A discussão em torno de possível pedido de abertura de Comissão Especial de Inquérito (CEI) pela Câmara Municipal de Bauru para apurar gastos nas áreas de Educação, Cultura e Administrações Regionais (Sear) realimentou ontem o movimento pela destituição de Paulo Sérgio Canalli da chefia de Gabinete do prefeito Tuga Angerami (sem partido). Canalli disse que não tinha conhecimento de conversação política nesse sentido até ontem à noite.
Entretanto, alguns vereadores, que não escondem o descontentamento com o relacionamento estabelecido com o homem considerado o braço direito do prefeito, estariam dispostos a aproveitar o ensejo e estabelecer apoio ao governo municipal nesta fase de denúncias contra possíveis irregularidades nas Administrações Regionais vinculado à garantia de substituição de Canalli do posto.
A troca, construída ainda sob especulação, não geraria embaraços políticos para parlamentares que não “engolem” o chefe de Gabinete, uma vez que o discurso é o de que a administração municipal conta com os procedimentos de investigação instalados desde agosto para as possíveis irregularidades, além do próprio prefeito ter enviado relatório preliminar de auditoria para a Câmara e o Ministério Público (MP).

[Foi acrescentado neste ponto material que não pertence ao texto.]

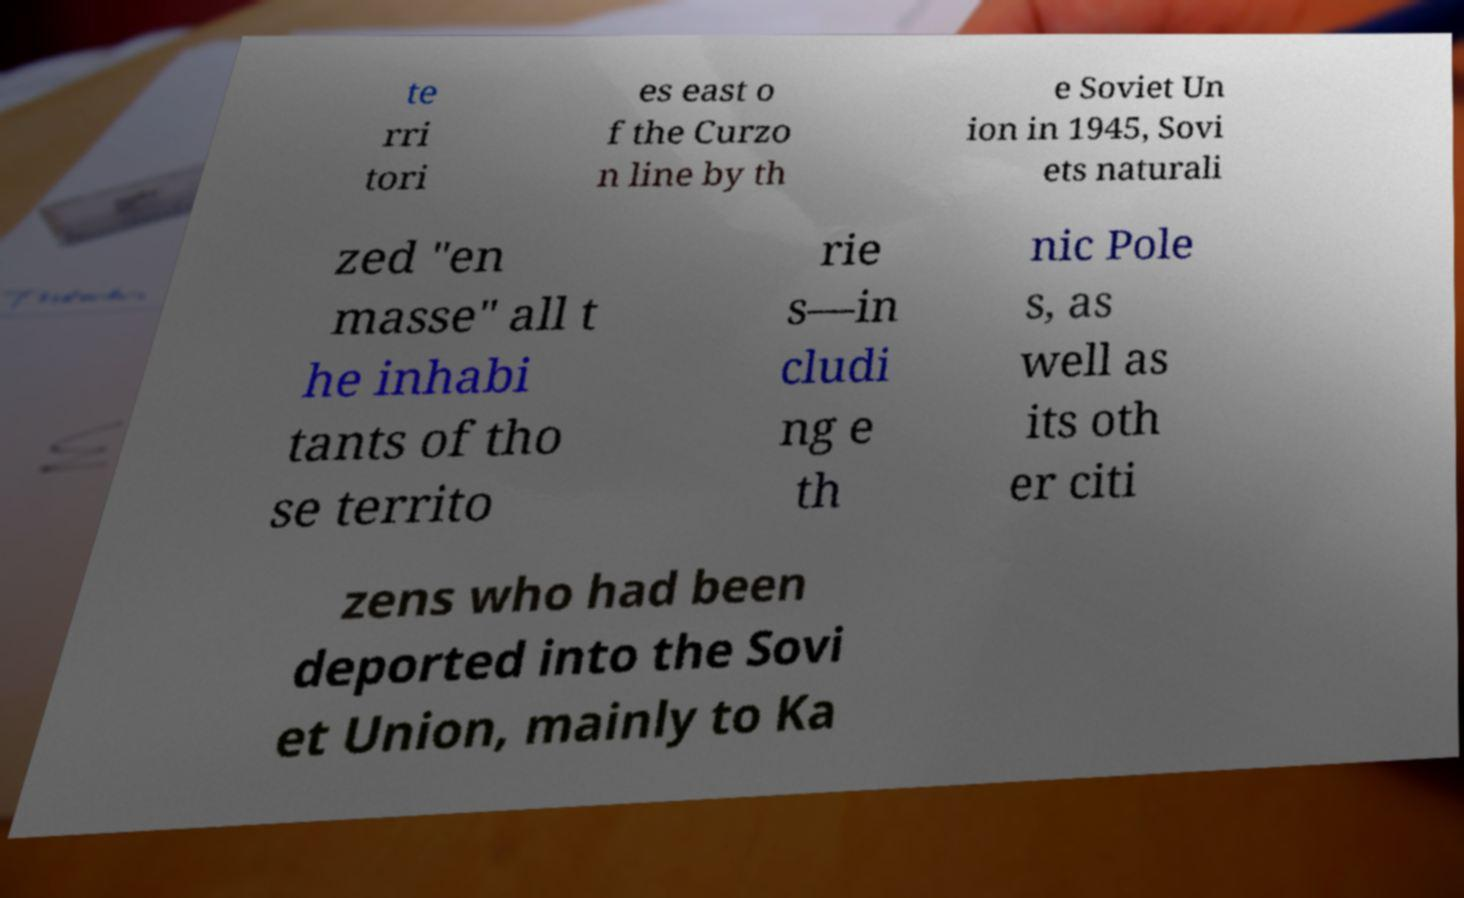Could you assist in decoding the text presented in this image and type it out clearly? te rri tori es east o f the Curzo n line by th e Soviet Un ion in 1945, Sovi ets naturali zed "en masse" all t he inhabi tants of tho se territo rie s—in cludi ng e th nic Pole s, as well as its oth er citi zens who had been deported into the Sovi et Union, mainly to Ka 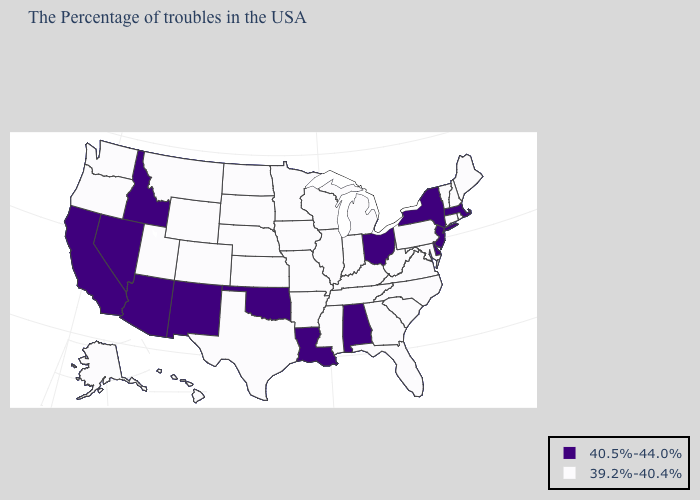What is the highest value in the USA?
Concise answer only. 40.5%-44.0%. Does Georgia have a lower value than California?
Answer briefly. Yes. What is the value of Virginia?
Give a very brief answer. 39.2%-40.4%. Name the states that have a value in the range 40.5%-44.0%?
Concise answer only. Massachusetts, New York, New Jersey, Delaware, Ohio, Alabama, Louisiana, Oklahoma, New Mexico, Arizona, Idaho, Nevada, California. Does New Jersey have the highest value in the USA?
Answer briefly. Yes. Which states hav the highest value in the Northeast?
Short answer required. Massachusetts, New York, New Jersey. Does New Jersey have the highest value in the USA?
Concise answer only. Yes. Name the states that have a value in the range 40.5%-44.0%?
Answer briefly. Massachusetts, New York, New Jersey, Delaware, Ohio, Alabama, Louisiana, Oklahoma, New Mexico, Arizona, Idaho, Nevada, California. What is the lowest value in the West?
Quick response, please. 39.2%-40.4%. What is the value of South Dakota?
Write a very short answer. 39.2%-40.4%. What is the lowest value in the West?
Be succinct. 39.2%-40.4%. Which states hav the highest value in the West?
Short answer required. New Mexico, Arizona, Idaho, Nevada, California. What is the value of Nevada?
Write a very short answer. 40.5%-44.0%. What is the value of Wisconsin?
Write a very short answer. 39.2%-40.4%. What is the value of Rhode Island?
Write a very short answer. 39.2%-40.4%. 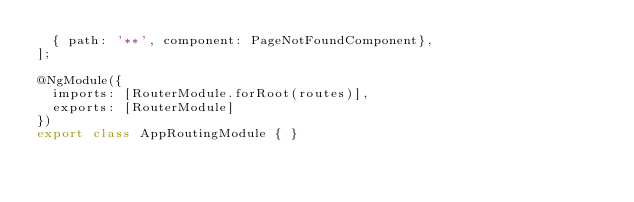<code> <loc_0><loc_0><loc_500><loc_500><_TypeScript_>  { path: '**', component: PageNotFoundComponent},
];

@NgModule({
  imports: [RouterModule.forRoot(routes)],
  exports: [RouterModule]
})
export class AppRoutingModule { }
</code> 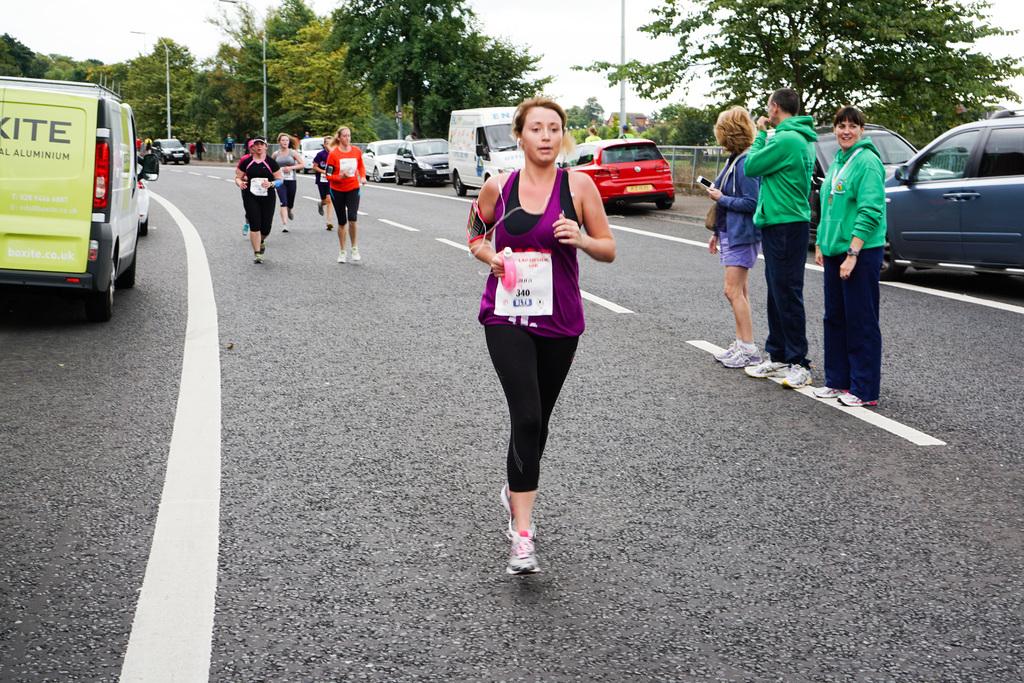What number is the woman in purple?
Give a very brief answer. 340. What is the first line on the back of the van?
Provide a succinct answer. Kite. 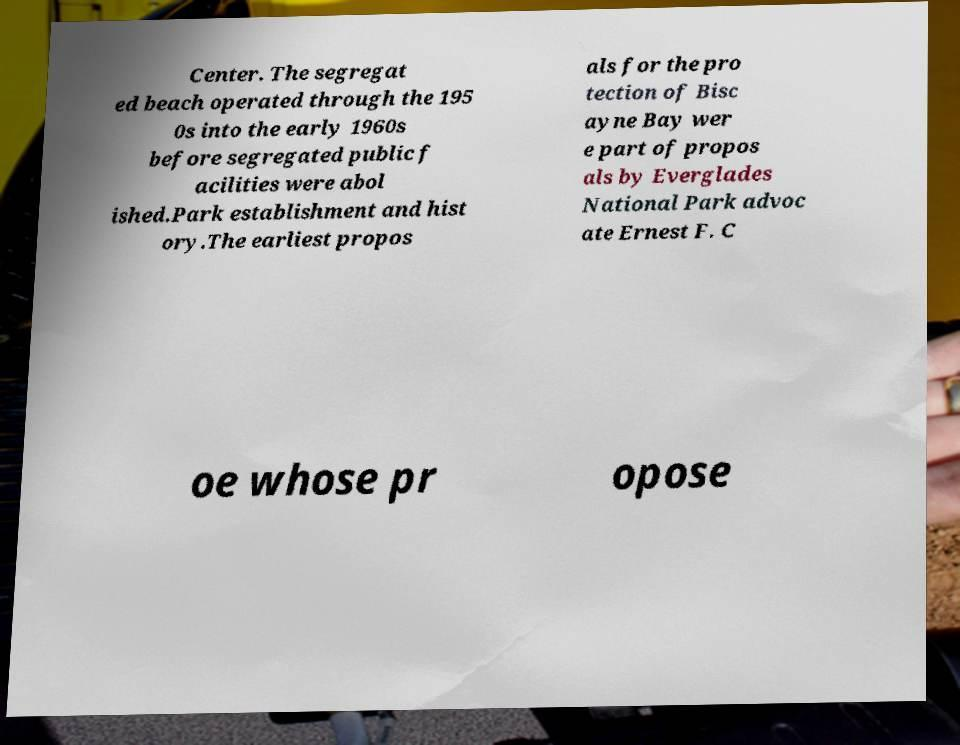Please read and relay the text visible in this image. What does it say? Center. The segregat ed beach operated through the 195 0s into the early 1960s before segregated public f acilities were abol ished.Park establishment and hist ory.The earliest propos als for the pro tection of Bisc ayne Bay wer e part of propos als by Everglades National Park advoc ate Ernest F. C oe whose pr opose

Mas, como em boa parte dos ambientes de efervescência, a posição moderada de vereadores – o que compreenderia não assinar abertura de CEI – teria como sinal de bom relacionamento por parte do Executivo a troca de seu assessor mais próximo. Afinal, a reforma no secretariado pode ser a justificativa do dia também para este caso, como aconteceu com o esvaziamento de segmentos da Sear e demissão de assessores que, em alguns casos, depois apareceram como possíveis envolvidos em irregularidades de despesas nas Regionais.
Mas o mais difícil será costurar eventual acordo nesse sentido. Não se sabe se Angerami estaria disposto a ceder até este nível, substituindo alguns de seus homens de confiança.
De outro lado, a própria composição de eventual negociação ainda estaria distante de ser lapidada, já que nem o governo, nem a oposição, sabem onde vai dar a investigação em andamento sobre despesas da Sear. O que o prefeito tem certeza é que instalar CEI é um risco enorme, não pelo conteúdo a ser apurado, mas para o fato de que uma vez aberta, ninguém sabe onde vai dar.
‘Tesoureiro‘ e campanha
O que não ficou restrito às conversas políticas, desde o início da semana, são as relações entre os nomes que surgem nas apurações sobre despesas da Sear e a aproximação política de alguns desses personagens com a campanha eleitoral vencida por Tuga Angerami.
Ainda causa espanto, dentro e fora do governo, entender por que o homem que comandava as despesas da Sear, João Antonio Gonçalves, é o único a permanecer na pasta, contrariando argumento do próprio prefeito de que foi medida necessária dar férias até para o secretário, Nélson Fio, para que ele permanecesse distante das investigações.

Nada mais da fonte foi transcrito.